(Stored data entries)

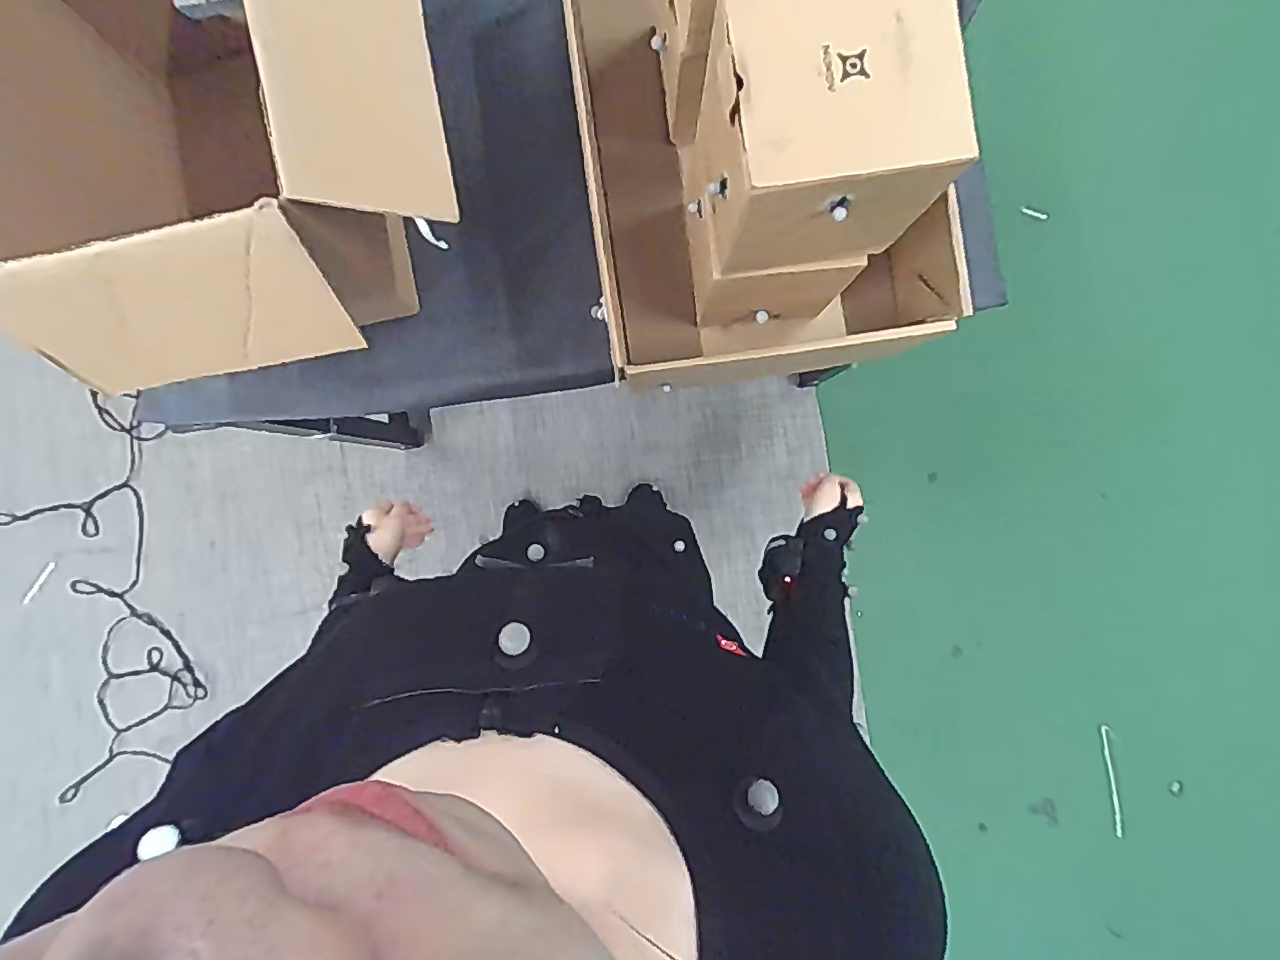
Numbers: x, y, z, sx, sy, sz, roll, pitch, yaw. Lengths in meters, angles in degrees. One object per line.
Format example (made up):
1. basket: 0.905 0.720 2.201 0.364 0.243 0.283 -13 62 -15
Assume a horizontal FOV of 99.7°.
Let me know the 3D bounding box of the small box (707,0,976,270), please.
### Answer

What this task involves:
Copy out all the data above exactly, pictures excluded.

Result below:
Numbers: x, y, z, sx, sy, sz, roll, pitch, yaw. Lengths in meters, angles in degrees. One object per line.
Format example (made up):
1. basket: 0.905 0.720 2.201 0.364 0.243 0.283 -13 62 -15
Assume a horizontal FOV of 99.7°.
Let me know the 3D bounding box of the small box (707,0,976,270), please.
### Answer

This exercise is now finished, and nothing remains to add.